City Guide to Edinburgh, Scotland

City Guide to Edinburgh, Scotland

EIF 2014: Hespèrion XXI, Usher Hall, Review


By Iain Gilmour - Posted on 14 August 2014

Hesperion-XXI - Orchestra
5
Show details
Venue: 
The Usher Hall
Company: 
La Capella Reial de Catalunya, Hesperion XXI, Le Concert des Nations
Running time: 
150mins
Production: 
Music of War and Peace 1614-1714
Performers: 
Hanna Bayodi-Hirt, Pascal Bertin, Daniele Carnovich, Ingeborg Dalheim, Maria Beate Keilland, Stephan Macleod, Davids Sagastume, Makatoto Sakurado, Lluis Vilamajo, Hakan Gungor, Manfredo Kraemer, Nedyalko Nedyalkov, Dimitri Psonis, Yurdal Toksan; Le Concert des Nations; Hesperion XXI, Jordi Savall, director

Like most of the large audience I did not know what was on offer from this unusual grouping. What we got was a musical tour through one of the most troubled periods in European History, where disaster, triumph and human suffering were reflected in contemporary music and song.

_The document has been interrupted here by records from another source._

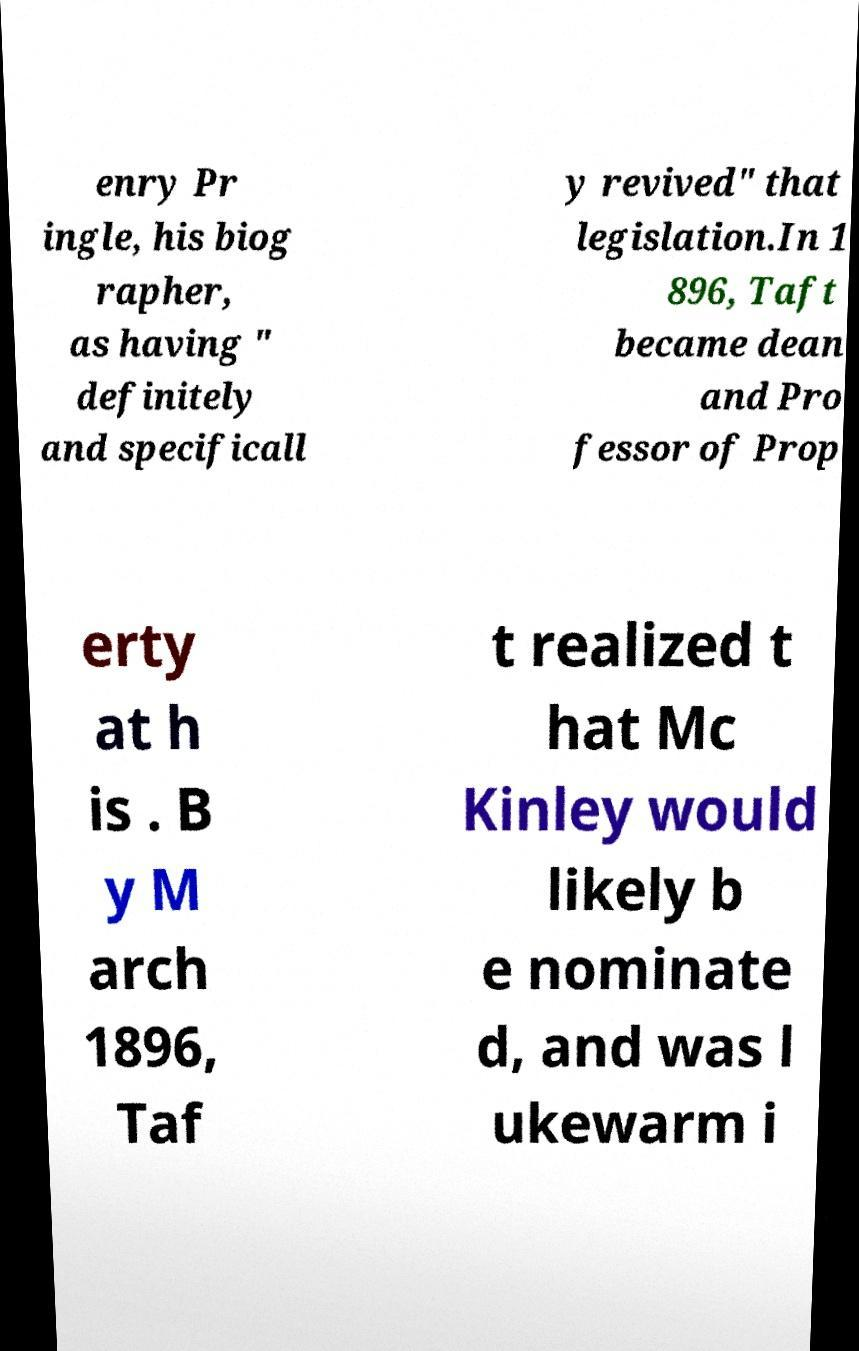Could you assist in decoding the text presented in this image and type it out clearly? enry Pr ingle, his biog rapher, as having " definitely and specificall y revived" that legislation.In 1 896, Taft became dean and Pro fessor of Prop erty at h is . B y M arch 1896, Taf t realized t hat Mc Kinley would likely b e nominate d, and was l ukewarm i 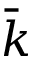<formula> <loc_0><loc_0><loc_500><loc_500>\bar { k }</formula> 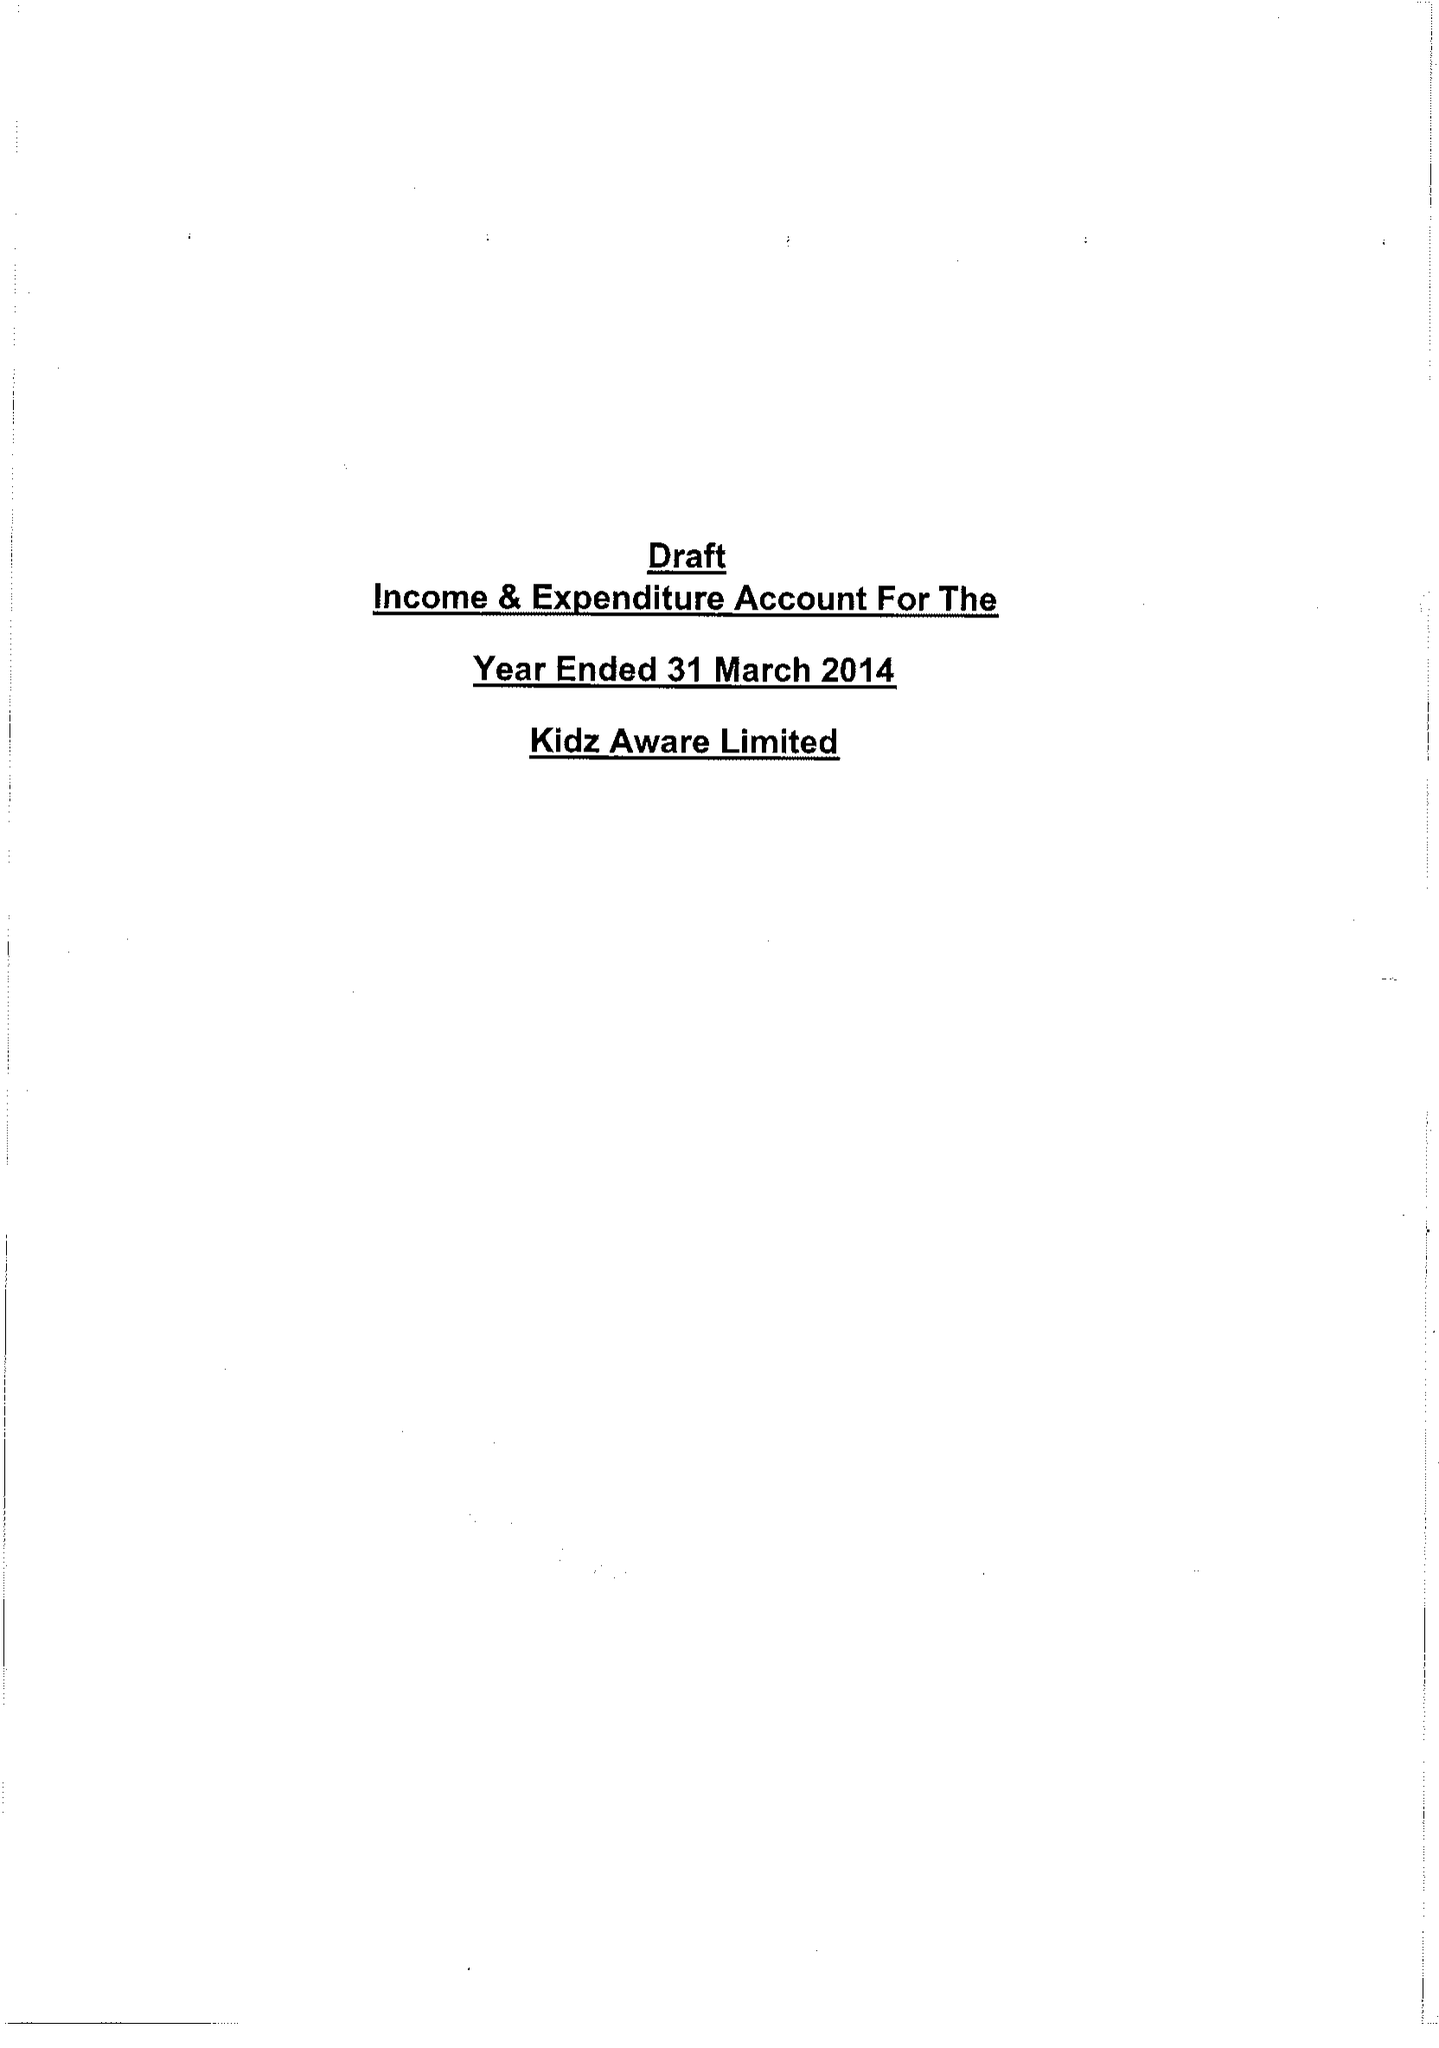What is the value for the income_annually_in_british_pounds?
Answer the question using a single word or phrase. 54567.00

Ably directed by Jordi Savall, who has spent most of his life researching and performing neglected early music, period instruments formed the bulk of the small orchestra. Most people have never even heard of instruments like shawm, kanun, kaval, santur or oud and it was a revelation to experience their sounds. Savall played both viol da gamba and rebec, conducting the orchestra mainly from his seated playing position with his bow but on occasion both musicians and singers, with his hands, in front of the ensemble.

The format of the programme was simple and effective. One of the singers would announce a date and historical event, the orchestra would play music of that time followed by song.

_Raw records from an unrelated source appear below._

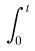Convert formula to latex. <formula><loc_0><loc_0><loc_500><loc_500>\int _ { 0 } ^ { t }</formula> 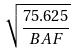Convert formula to latex. <formula><loc_0><loc_0><loc_500><loc_500>\sqrt { \frac { 7 5 . 6 2 5 } { B A F } }</formula> 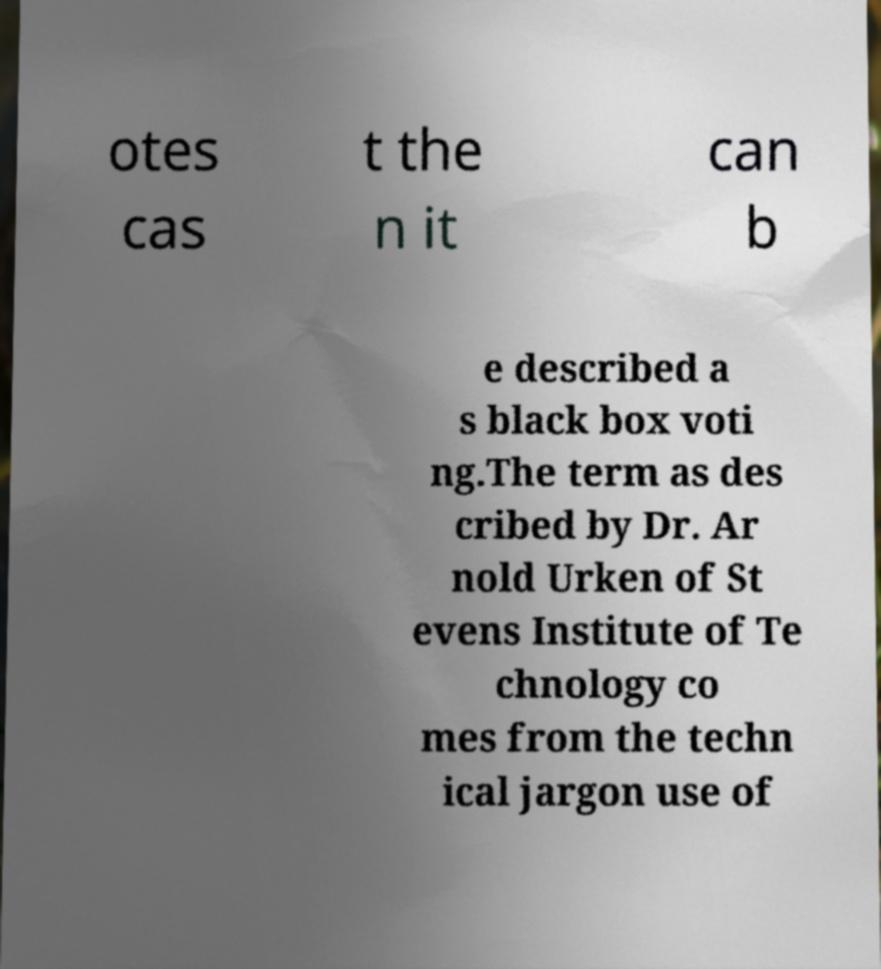Could you assist in decoding the text presented in this image and type it out clearly? otes cas t the n it can b e described a s black box voti ng.The term as des cribed by Dr. Ar nold Urken of St evens Institute of Te chnology co mes from the techn ical jargon use of 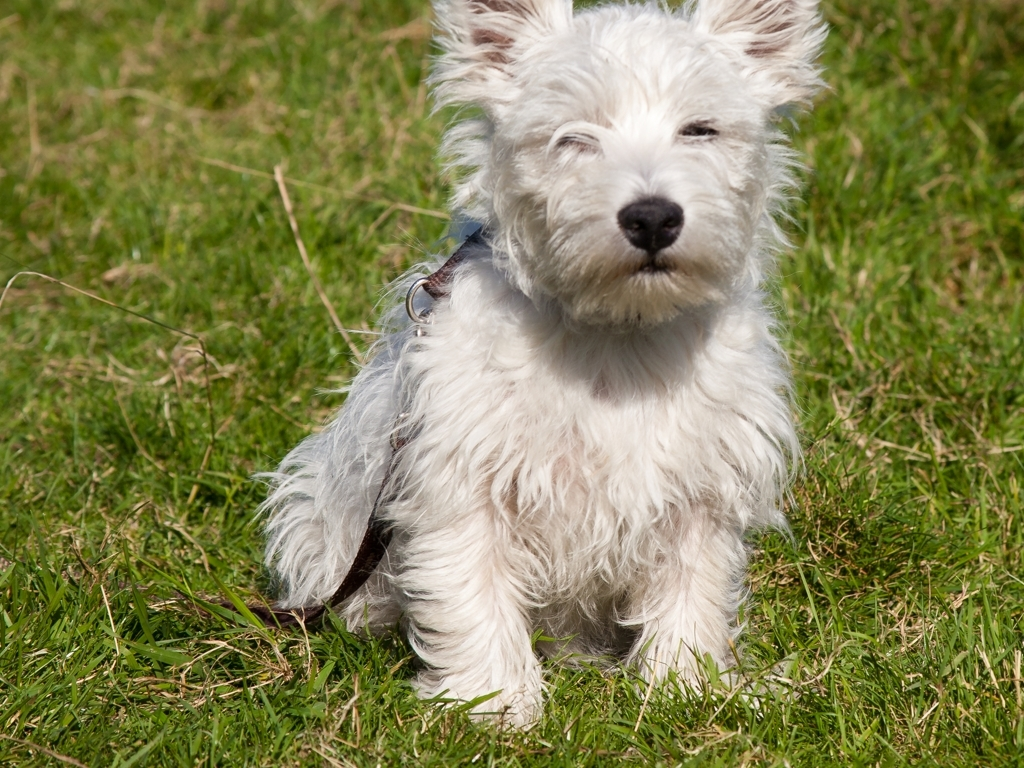Can you tell me what breed of dog this might be? This dog appears to be a West Highland White Terrier, commonly known as a Westie. This breed is known for its distinctive white coat, pointed ears, and bright, button eyes, which are all features evident in this image. What kind of environment do they thrive in? Westies are versatile and can adapt to various living conditions. They do well in both country and city settings, appreciating regular exercise and playtime. As a sturdy and active breed, they enjoy having space to explore but can also adapt to apartment living if provided with enough physical activity.

A moving lament, in Aramaic, for Jews murdered in Frankfurt in 1613, was followed by insistent drum, trumpet and two verses in Catalan marking the Ottoman victory a year later that set off the 30 Year War. Two pieces, sung in German, marked stages in the war.

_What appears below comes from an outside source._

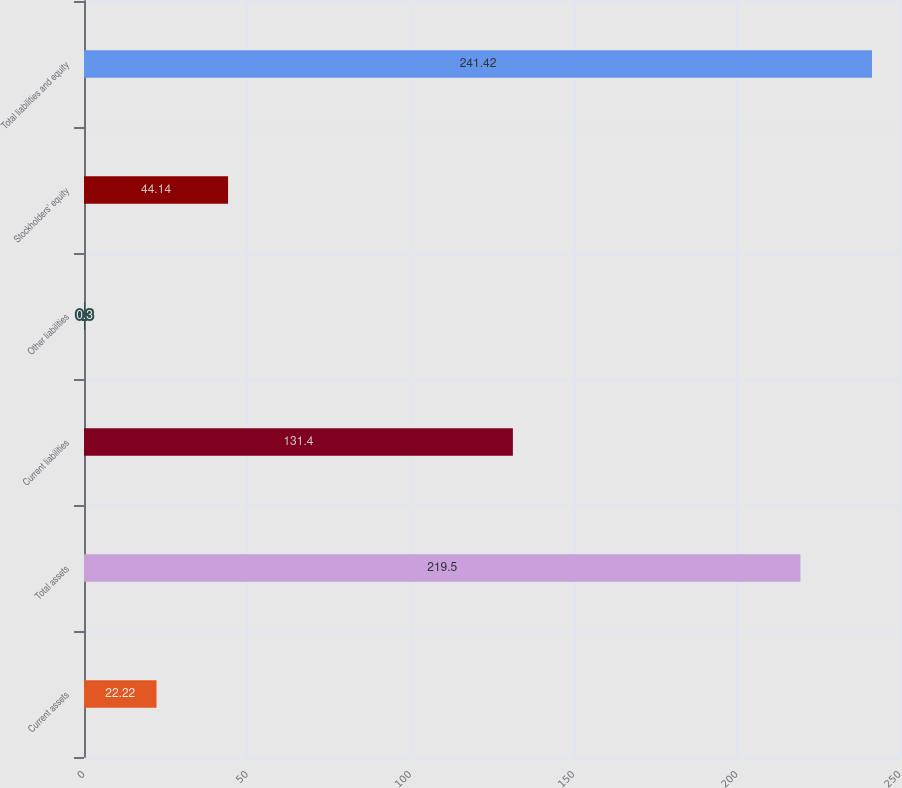Convert chart to OTSL. <chart><loc_0><loc_0><loc_500><loc_500><bar_chart><fcel>Current assets<fcel>Total assets<fcel>Current liabilities<fcel>Other liabilities<fcel>Stockholders' equity<fcel>Total liabilities and equity<nl><fcel>22.22<fcel>219.5<fcel>131.4<fcel>0.3<fcel>44.14<fcel>241.42<nl></chart> 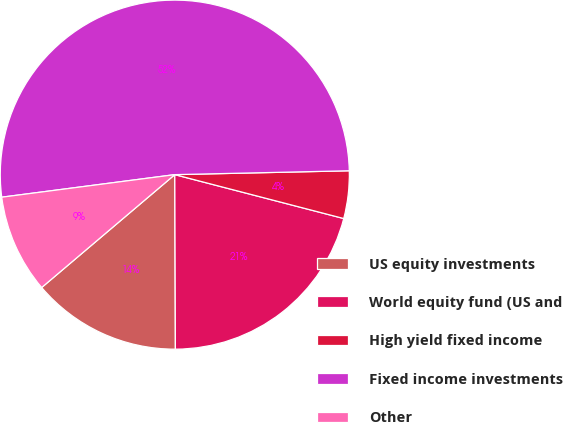Convert chart. <chart><loc_0><loc_0><loc_500><loc_500><pie_chart><fcel>US equity investments<fcel>World equity fund (US and<fcel>High yield fixed income<fcel>Fixed income investments<fcel>Other<nl><fcel>13.86%<fcel>20.9%<fcel>4.4%<fcel>51.71%<fcel>9.13%<nl></chart>

More familiar was the Latin motet by Lully celebrating the Peace of the Pyrenees between France and Spain in 1659 and there was mention of wars in England, Ireland and Scotland.

After the interval, a version in English of Psalm 103 by John Blow followed yet another peace treaty. Suitable words and music evoked conflict in the Low Countries and the War of Spanish Succession. The performances throughout mingled musicians and singers as soloists and as a group. The finale saw all at full power and full voice in Handel’s setting of Psalm 100 and doxology for the Peace of Utrecht. This was one occasion in which the singers’ diction was slightly imperfect but it did not impact on the cheers and enthusiastic applause.

A really enjoyable – and informative – evening. The only complaint heard was that the Festival had not anticipated the size of the audience as the supply of programmes ran out.